Angiotensin-1-converting enzyme (ACE) is a zinc metalloprotease that plays a major role in blood pressure regulation via the renin-angiotensin-aldosterone system. ACE consists of two domains with differences in inhibitor binding affinities despite their 90% active site identity. While the C-domain primarily controls blood pressure, the N-domain is highly selective for cleavage of the antifibrotic N-acetyl-Ser–Asp–Lys–Pro. Inhibitors, such as 33RE, that selectively bind to the N-domain thus show potential for treating fibrosis without affecting blood pressure. The aim of this study was to elucidate the molecular mechanism of this selectivity using in vitro and in silico techniques.

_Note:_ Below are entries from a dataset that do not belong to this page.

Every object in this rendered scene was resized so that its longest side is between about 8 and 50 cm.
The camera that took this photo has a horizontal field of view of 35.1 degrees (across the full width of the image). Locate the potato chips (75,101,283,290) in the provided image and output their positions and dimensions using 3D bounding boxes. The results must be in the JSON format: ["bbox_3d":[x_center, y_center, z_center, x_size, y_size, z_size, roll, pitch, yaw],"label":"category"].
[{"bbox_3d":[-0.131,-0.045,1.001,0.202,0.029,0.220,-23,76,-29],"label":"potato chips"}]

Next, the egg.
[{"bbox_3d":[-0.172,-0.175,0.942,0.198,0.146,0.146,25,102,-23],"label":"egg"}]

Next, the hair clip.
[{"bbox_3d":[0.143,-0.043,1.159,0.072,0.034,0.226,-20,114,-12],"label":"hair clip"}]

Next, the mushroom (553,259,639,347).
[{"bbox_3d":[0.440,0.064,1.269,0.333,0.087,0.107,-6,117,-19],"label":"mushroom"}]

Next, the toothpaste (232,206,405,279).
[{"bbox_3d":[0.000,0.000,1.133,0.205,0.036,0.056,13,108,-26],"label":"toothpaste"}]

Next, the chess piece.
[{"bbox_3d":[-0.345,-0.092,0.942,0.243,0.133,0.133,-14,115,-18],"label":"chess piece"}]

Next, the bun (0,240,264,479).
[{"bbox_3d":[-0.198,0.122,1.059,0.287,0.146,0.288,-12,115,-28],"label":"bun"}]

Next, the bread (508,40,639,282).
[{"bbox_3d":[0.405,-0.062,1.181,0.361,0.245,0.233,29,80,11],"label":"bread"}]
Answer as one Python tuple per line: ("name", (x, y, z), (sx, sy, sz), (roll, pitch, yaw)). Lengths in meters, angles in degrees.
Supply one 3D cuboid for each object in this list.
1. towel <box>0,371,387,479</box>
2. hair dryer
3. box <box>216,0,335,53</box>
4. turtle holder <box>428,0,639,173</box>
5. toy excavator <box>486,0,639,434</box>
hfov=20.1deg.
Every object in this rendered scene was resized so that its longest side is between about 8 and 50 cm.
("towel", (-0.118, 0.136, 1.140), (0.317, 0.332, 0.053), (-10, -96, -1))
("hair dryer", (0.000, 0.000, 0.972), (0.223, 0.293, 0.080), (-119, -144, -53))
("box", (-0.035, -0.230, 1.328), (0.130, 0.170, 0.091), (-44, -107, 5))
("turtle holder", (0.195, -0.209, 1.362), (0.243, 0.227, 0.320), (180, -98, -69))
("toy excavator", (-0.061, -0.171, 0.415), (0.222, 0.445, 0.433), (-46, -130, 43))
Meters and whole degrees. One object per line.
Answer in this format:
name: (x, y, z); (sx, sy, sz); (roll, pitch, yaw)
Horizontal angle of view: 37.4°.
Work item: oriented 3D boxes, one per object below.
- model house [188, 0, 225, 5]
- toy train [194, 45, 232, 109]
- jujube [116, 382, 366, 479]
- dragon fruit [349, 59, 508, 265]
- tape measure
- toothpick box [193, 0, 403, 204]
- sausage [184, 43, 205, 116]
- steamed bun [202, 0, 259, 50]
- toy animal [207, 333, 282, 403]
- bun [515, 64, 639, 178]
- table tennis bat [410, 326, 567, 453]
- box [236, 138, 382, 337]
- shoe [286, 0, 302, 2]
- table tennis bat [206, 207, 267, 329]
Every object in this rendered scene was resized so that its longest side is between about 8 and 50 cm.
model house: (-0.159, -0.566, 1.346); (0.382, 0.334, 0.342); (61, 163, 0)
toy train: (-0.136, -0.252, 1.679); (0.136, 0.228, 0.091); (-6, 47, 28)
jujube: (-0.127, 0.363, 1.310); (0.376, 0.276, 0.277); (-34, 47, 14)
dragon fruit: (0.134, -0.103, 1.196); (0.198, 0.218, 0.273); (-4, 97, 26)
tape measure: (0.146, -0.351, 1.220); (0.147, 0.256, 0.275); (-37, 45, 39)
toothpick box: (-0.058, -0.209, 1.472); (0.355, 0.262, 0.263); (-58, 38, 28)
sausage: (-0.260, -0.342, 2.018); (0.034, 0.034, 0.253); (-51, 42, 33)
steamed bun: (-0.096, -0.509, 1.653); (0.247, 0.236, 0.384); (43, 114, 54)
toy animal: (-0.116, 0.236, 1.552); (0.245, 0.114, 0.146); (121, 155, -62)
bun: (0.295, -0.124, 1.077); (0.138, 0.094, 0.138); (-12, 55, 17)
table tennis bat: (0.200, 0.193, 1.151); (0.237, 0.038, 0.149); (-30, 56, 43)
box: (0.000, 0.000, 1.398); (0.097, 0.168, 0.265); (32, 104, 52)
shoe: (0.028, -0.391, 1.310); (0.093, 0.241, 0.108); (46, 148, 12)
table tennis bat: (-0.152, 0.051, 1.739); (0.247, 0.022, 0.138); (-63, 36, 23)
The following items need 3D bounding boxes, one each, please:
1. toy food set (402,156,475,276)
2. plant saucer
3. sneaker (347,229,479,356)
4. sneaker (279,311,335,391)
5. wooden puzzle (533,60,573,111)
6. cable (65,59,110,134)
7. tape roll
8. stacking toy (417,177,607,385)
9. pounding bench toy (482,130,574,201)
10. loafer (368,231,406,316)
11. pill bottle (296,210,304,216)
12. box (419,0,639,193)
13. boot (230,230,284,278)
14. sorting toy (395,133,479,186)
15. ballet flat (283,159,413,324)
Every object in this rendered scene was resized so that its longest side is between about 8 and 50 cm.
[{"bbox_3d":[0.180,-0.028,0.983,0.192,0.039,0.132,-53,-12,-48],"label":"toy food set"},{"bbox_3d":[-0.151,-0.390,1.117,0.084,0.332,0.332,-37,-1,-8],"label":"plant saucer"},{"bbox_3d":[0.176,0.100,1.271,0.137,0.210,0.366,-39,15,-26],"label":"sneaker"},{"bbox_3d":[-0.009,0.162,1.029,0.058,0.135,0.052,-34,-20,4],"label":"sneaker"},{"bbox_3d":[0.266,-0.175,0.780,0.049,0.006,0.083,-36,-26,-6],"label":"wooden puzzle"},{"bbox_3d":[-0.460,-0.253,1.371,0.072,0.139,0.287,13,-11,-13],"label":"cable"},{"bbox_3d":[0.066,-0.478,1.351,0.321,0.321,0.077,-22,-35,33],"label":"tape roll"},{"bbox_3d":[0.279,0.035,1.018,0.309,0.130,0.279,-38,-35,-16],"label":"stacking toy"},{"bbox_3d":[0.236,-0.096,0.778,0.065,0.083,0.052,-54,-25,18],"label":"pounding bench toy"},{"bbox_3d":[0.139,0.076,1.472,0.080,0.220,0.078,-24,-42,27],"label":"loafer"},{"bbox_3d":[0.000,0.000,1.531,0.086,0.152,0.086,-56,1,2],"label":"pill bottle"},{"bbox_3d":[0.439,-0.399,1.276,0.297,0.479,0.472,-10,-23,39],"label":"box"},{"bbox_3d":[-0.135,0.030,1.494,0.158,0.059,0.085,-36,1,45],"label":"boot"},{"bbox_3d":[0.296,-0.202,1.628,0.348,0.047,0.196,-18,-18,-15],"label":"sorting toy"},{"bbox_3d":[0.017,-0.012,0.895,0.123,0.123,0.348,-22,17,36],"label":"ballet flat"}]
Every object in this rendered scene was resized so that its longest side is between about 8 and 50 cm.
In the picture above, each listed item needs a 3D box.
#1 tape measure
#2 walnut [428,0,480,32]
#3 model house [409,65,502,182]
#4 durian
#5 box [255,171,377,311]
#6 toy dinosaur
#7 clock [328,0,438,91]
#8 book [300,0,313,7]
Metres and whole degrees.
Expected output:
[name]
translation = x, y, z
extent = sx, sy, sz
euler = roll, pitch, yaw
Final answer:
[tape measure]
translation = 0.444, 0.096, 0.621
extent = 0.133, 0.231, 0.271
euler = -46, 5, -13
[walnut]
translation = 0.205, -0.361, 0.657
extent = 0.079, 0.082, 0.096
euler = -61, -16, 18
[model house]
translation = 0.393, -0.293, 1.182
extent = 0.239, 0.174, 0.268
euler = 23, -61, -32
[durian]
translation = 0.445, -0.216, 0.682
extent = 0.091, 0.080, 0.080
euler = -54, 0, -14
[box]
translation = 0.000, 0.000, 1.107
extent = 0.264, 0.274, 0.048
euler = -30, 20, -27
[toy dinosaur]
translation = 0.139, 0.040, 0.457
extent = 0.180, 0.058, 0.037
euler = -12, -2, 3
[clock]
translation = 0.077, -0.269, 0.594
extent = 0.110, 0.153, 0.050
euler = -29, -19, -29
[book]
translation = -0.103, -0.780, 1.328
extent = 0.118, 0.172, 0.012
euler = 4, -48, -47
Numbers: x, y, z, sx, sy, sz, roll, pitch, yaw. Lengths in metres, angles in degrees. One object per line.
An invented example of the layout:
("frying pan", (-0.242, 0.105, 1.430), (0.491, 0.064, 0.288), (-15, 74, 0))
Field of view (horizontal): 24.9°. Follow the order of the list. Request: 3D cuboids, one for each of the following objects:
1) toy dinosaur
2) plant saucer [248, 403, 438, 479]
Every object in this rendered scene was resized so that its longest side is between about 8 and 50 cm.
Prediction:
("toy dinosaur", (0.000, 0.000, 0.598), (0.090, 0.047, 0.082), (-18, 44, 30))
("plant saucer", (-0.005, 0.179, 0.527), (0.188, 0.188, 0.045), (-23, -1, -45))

ACE inhibition by 33RE was characterized using a continuous kinetic assay with fluorogenic substrate. The N-domain displayed nanomolar(Ki=11.21±0.74 nM) and the C-domain micromolar (Ki=11278±410 nM)inhibition, thus 1000-fold selectivity. Residues predicted to contribute to selectivity based on the N-domain-33RE crystal structure were mutated to their C-domain counterparts. S2 subsite mutation drastically decreased affinity (Ki=2794±156 nM) due to loss of hydrogen bonds, yet did not entirely account for selectivity. Additional substitution of all unique S2’ residues completely abolished selectivity (Ki=10009±157 nM). Interestingly, these residues do not directly interact with 33RE. All six mutants were therefore subjected to molecular dynamics simulations in the presence and absence of 33RE. Trajectory analyses highlighted the importance of S2’ subsite residues in formation of a favourable contact face between the two ACE subdomains and thus a stable, closed, ligand-bound complex.
This study provides a molecular basis for the inter-subsite synergism responsible for 33RE’s 1000-fold N-selectivity and aids the future design of novel inhibitors for fibrosis treatment.